DƯỢC LÍ Goodman & Gilman's The Pharmacological Basis of Therapeutics 12th, 2010

Agents Affecting Mineral Ion
Homeostasis and Bone Turnover
Peter A. Friedman
To understand why, when, and how to employ pharmacological
agents that affect mineral ion homeostasis, one
must first understand some basic physiology and pathophysiology
of the subject. This chapter presents a primer
on mineral ion homeostasis and the endocrinology of Ca 2+
and phosphate metabolism, then some relevant pathophysiology,
and, finally, pharmacotherapeutic options in
treating disorders of mineral ion homeostasis.
PHYSIOLOGY OF MINERAL
ION HOMEOSTASIS
Calcium
Elemental calcium is essential for a variety of micromolecular
and macroscopic biological functions. Its ionized
form, Ca 2+ , is an important component of current flow
across excitable membranes. Ca 2+ is vital for muscle contraction,
fusion, and release of storage vesicles. In the submicromolar
range, intracellular Ca 2+ acts as a critical
second messenger (Chapter 3).
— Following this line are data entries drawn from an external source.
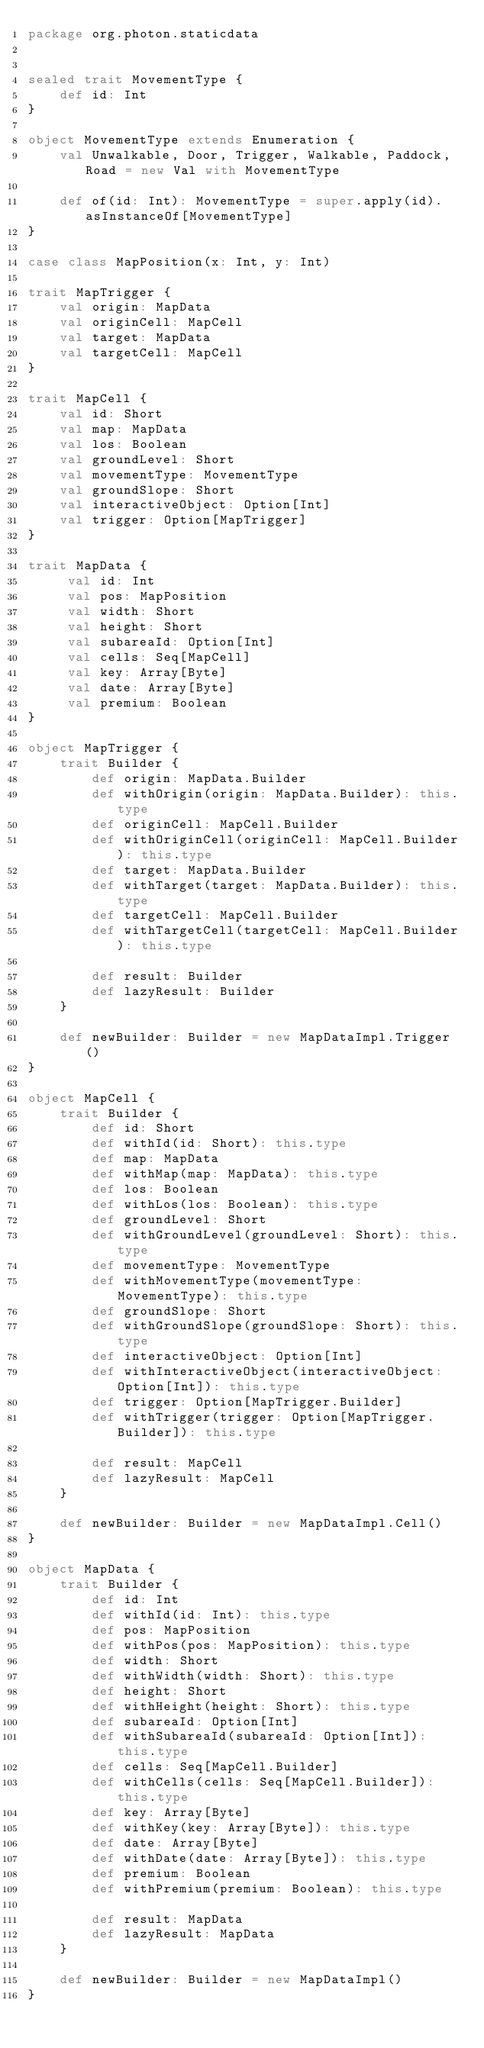<code> <loc_0><loc_0><loc_500><loc_500><_Scala_>package org.photon.staticdata


sealed trait MovementType {
	def id: Int
}

object MovementType extends Enumeration {
	val Unwalkable, Door, Trigger, Walkable, Paddock, Road = new Val with MovementType

	def of(id: Int): MovementType = super.apply(id).asInstanceOf[MovementType]
}

case class MapPosition(x: Int, y: Int)

trait MapTrigger {
	val origin: MapData
	val originCell: MapCell
	val target: MapData
	val targetCell: MapCell
}

trait MapCell {
	val id: Short
	val map: MapData
	val los: Boolean
	val groundLevel: Short
	val movementType: MovementType
	val groundSlope: Short
	val interactiveObject: Option[Int]
	val trigger: Option[MapTrigger]
}

trait MapData {
	 val id: Int
	 val pos: MapPosition
	 val width: Short
	 val height: Short
	 val subareaId: Option[Int]
	 val cells: Seq[MapCell]
	 val key: Array[Byte]
	 val date: Array[Byte]
	 val premium: Boolean
}

object MapTrigger {
	trait Builder {
		def origin: MapData.Builder
		def withOrigin(origin: MapData.Builder): this.type
		def originCell: MapCell.Builder
		def withOriginCell(originCell: MapCell.Builder): this.type
		def target: MapData.Builder
		def withTarget(target: MapData.Builder): this.type
		def targetCell: MapCell.Builder
		def withTargetCell(targetCell: MapCell.Builder): this.type

		def result: Builder
		def lazyResult: Builder
	}

	def newBuilder: Builder = new MapDataImpl.Trigger()
}

object MapCell {
	trait Builder {
		def id: Short
		def withId(id: Short): this.type
		def map: MapData
		def withMap(map: MapData): this.type
		def los: Boolean
		def withLos(los: Boolean): this.type
		def groundLevel: Short
		def withGroundLevel(groundLevel: Short): this.type
		def movementType: MovementType
		def withMovementType(movementType: MovementType): this.type
		def groundSlope: Short
		def withGroundSlope(groundSlope: Short): this.type
		def interactiveObject: Option[Int]
		def withInteractiveObject(interactiveObject: Option[Int]): this.type
		def trigger: Option[MapTrigger.Builder]
		def withTrigger(trigger: Option[MapTrigger.Builder]): this.type
		
		def result: MapCell
		def lazyResult: MapCell
	}
	
	def newBuilder: Builder = new MapDataImpl.Cell()
}

object MapData {
	trait Builder {
		def id: Int
		def withId(id: Int): this.type
		def pos: MapPosition
		def withPos(pos: MapPosition): this.type
		def width: Short
		def withWidth(width: Short): this.type
		def height: Short
		def withHeight(height: Short): this.type
		def subareaId: Option[Int]
		def withSubareaId(subareaId: Option[Int]): this.type
		def cells: Seq[MapCell.Builder]
		def withCells(cells: Seq[MapCell.Builder]): this.type
		def key: Array[Byte]
		def withKey(key: Array[Byte]): this.type
		def date: Array[Byte]
		def withDate(date: Array[Byte]): this.type
		def premium: Boolean
		def withPremium(premium: Boolean): this.type

		def result: MapData
		def lazyResult: MapData
	}

	def newBuilder: Builder = new MapDataImpl()
}
</code>

In extracellular fluid, millimolar
concentrations of calcium promote blood coagulation
and support the formation and continuous
remodeling of the skeleton.
Ca 2+ has an adaptable coordination sphere that
facilitates binding to the irregular geometry of proteins.
The capacity of an ion to cross-link two proteins
requires a high coordination number, which dictates the
number of electron pairs that can be formed and generally
is six to eight for Ca 2+ . Unlike disulfide or sugar–
peptide cross-links, Ca 2+ linking is readily reversible.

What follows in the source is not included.